The crux of the split is fees. Gigginstown reportedly pays an agreed rate for the horses they have in training and will not increase it. Mullins wanted to put up his fees for the first time in 10 years. The O’Learys did not want to compromise while the trainer said he could not maintain his standards without upping his charges. As a result, Gigginstown moved 60 horses from his supervision this week.

One observer says O’Leary and his brother have a businesslike approach to racing. “[The O’Learys] put a value on something and that is what they are prepared to pay. If you are going to put up your fees, then you run the risk of them moving their horses,” he says.

From Mullins's point of view, he has other, equally important owners, such as former Barclays executive Rich Ricci and Graham Wylie, the co-founder of software giant Sage, to think about. People familiar with racing say treating one client more favourably risks damaging relationships with the others.

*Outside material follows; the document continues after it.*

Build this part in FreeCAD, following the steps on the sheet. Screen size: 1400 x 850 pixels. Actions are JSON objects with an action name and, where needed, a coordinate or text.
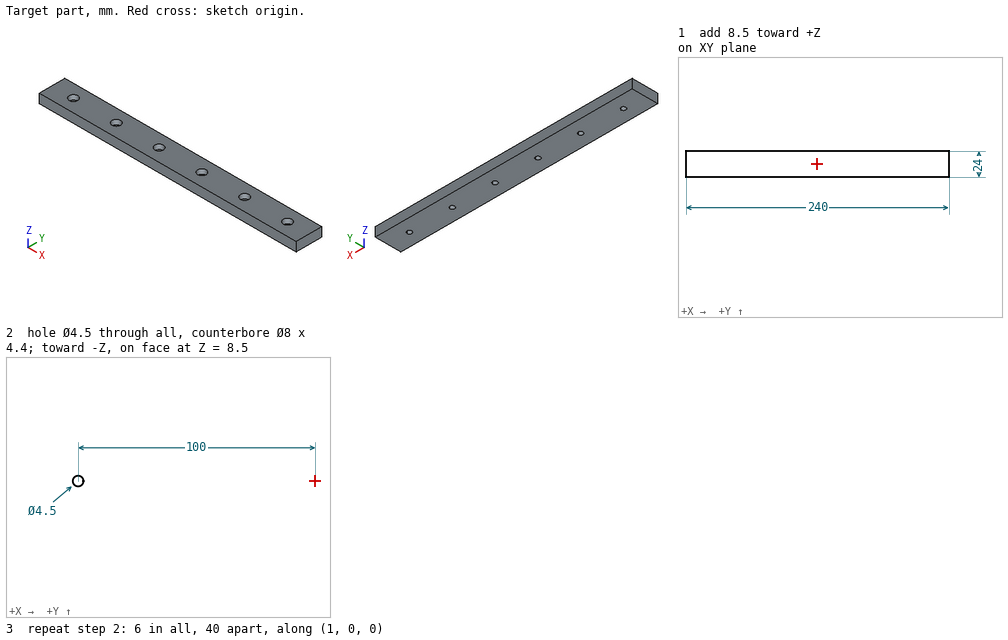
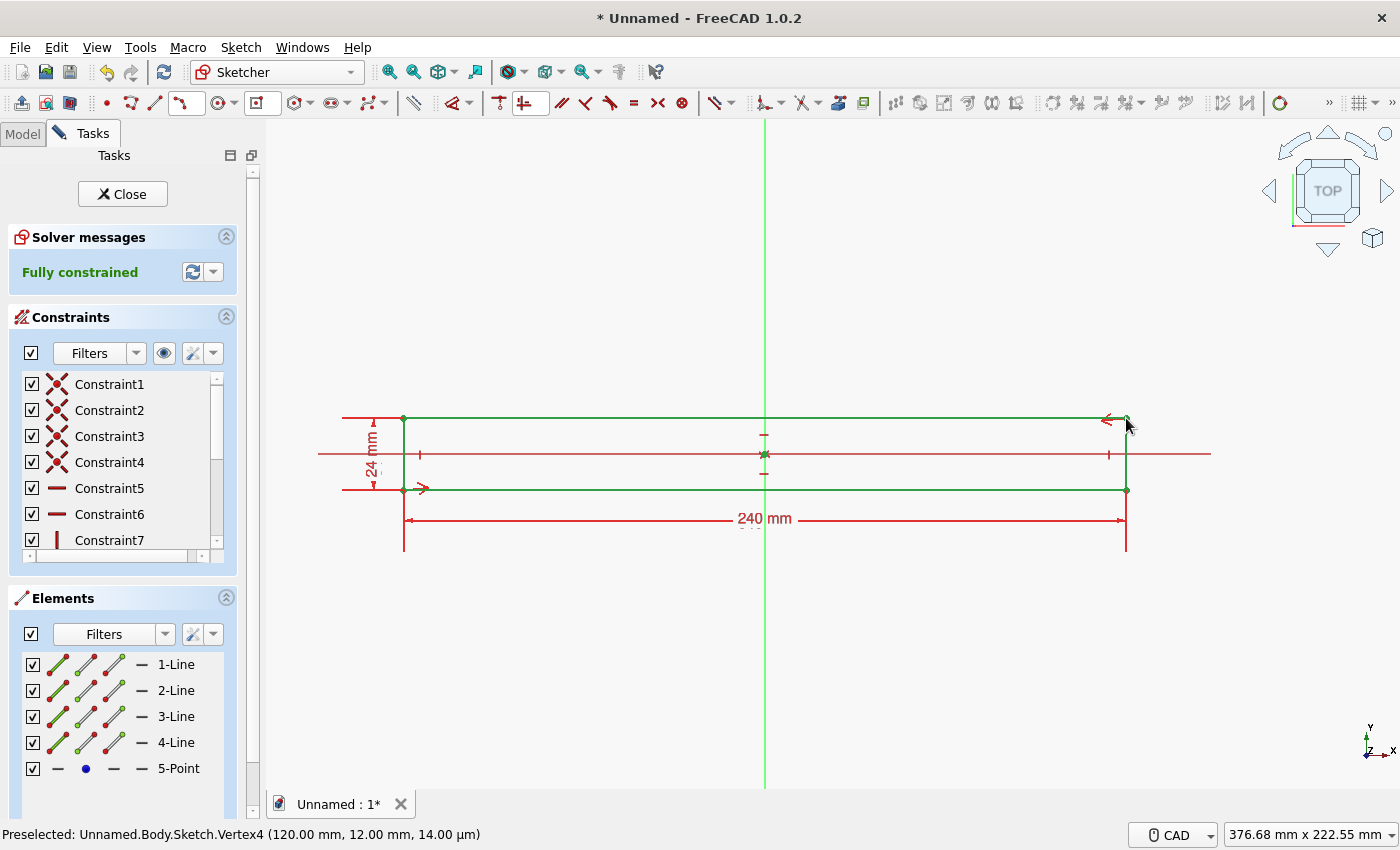
{"action": "left_click", "coordinate": [123, 194]}

The issue of fees has come up indirectly between the pair before. Gigginstown did not have any horses in training with Mullins until the 2010/11 national hunt season. At that stage, the O’Learys had more than 100 horses running in their colours and had won their first Chelteham Gold Cup – with War of Attrition in 2006 – while Mullins had established himself at the top of the training ranks.

It was suggested that up to then the O’Learys were unwilling to pay his fees, even though he was getting results, while he was unwilling to agree to their terms. Either way, the pair came to what turned out to be a successful agreement that lasted until this week.

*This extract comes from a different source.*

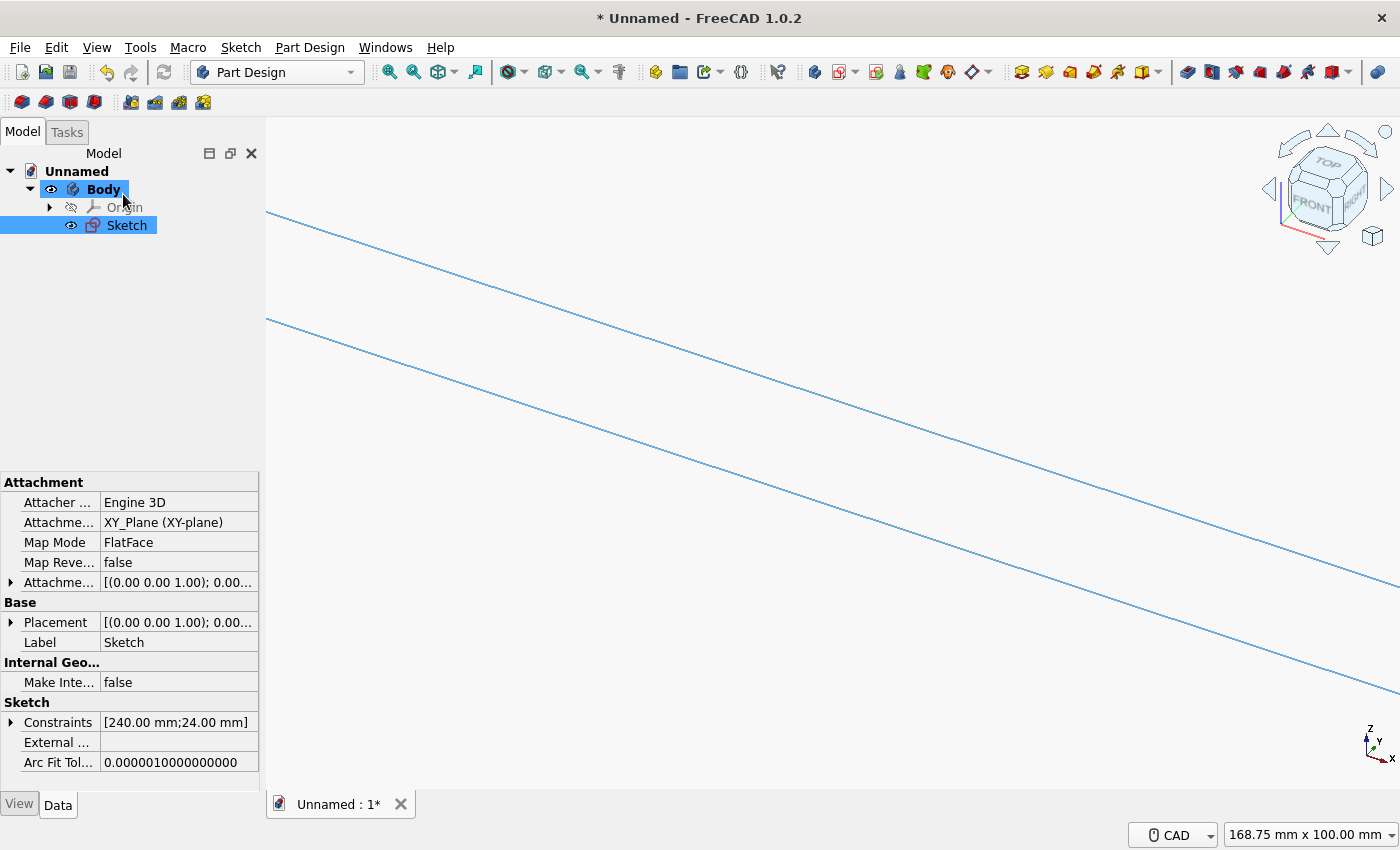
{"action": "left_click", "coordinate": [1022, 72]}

The other element of any deal with Gigginstown is results. In May, they removed horses from the yards of Sandra Hughes on the Curragh and Tony Martin in Co Meath. Eddie O'Leary afterwards told the Racing Post that theirs is a "results-based business". Hughes won last year's Irish Grand National for the O'Learys with Thunder and Roses.

Martin trained two Cheltenham festival winners for them, Rivage D’Or in 2015 and Savello in 2014, and had plenty of success for Gigginstown on the domestic front. These results indicate the O’Learys set the bar high for their handlers.

Racing’s economics play a part in all this. Gigginstown is not associated with landing gambles, so the only real return they can expect is prize money. In the 2015/16 Irish national hunt season, which ended in April, the O’Learys’ operation topped the owners’ table with €3 million in prize money. In Britain, they won £1.6 million.

Gigginstown’s victories in both countries’ richest races inflated these figures. The operation won about €2 million in Ireland in 2013/14, when it did not win the Irish Grand National. In 2014/15 its British prize money came to £517,000. Given that no owner can expect to win Gold Cups and Grand Nationals every year, those figures are a more realistic indication of the returns they can expect.

Even allowing for trainers and jockeys each getting 10 per cent of prizes for winning, these are still large sums. Nevertheless, they are unlikely to cover the cost of maintaining large numbers of racehorses, so it makes sense that Gigginstown would try to control this expense while pushing for the best results possible.

Unlike a lot of owners, who tend to stand back and let the trainers get on with it, the O’Learys are pro-active, getting a say in where the horses run and what their likely targets should be.

One source says they like to see their horses run. “They like to have them fit, they run them on their merits and they want to run them right through the season.”

Biggest beneficiary

While they might have a hard-nosed approach, they have a reputation for being straight. They stick to their side of whatever bargain is struck with trainers. As a consequence, plenty of stables are happy to do business with them. A number of them will share the 60 horses moved from Mullins’s yard.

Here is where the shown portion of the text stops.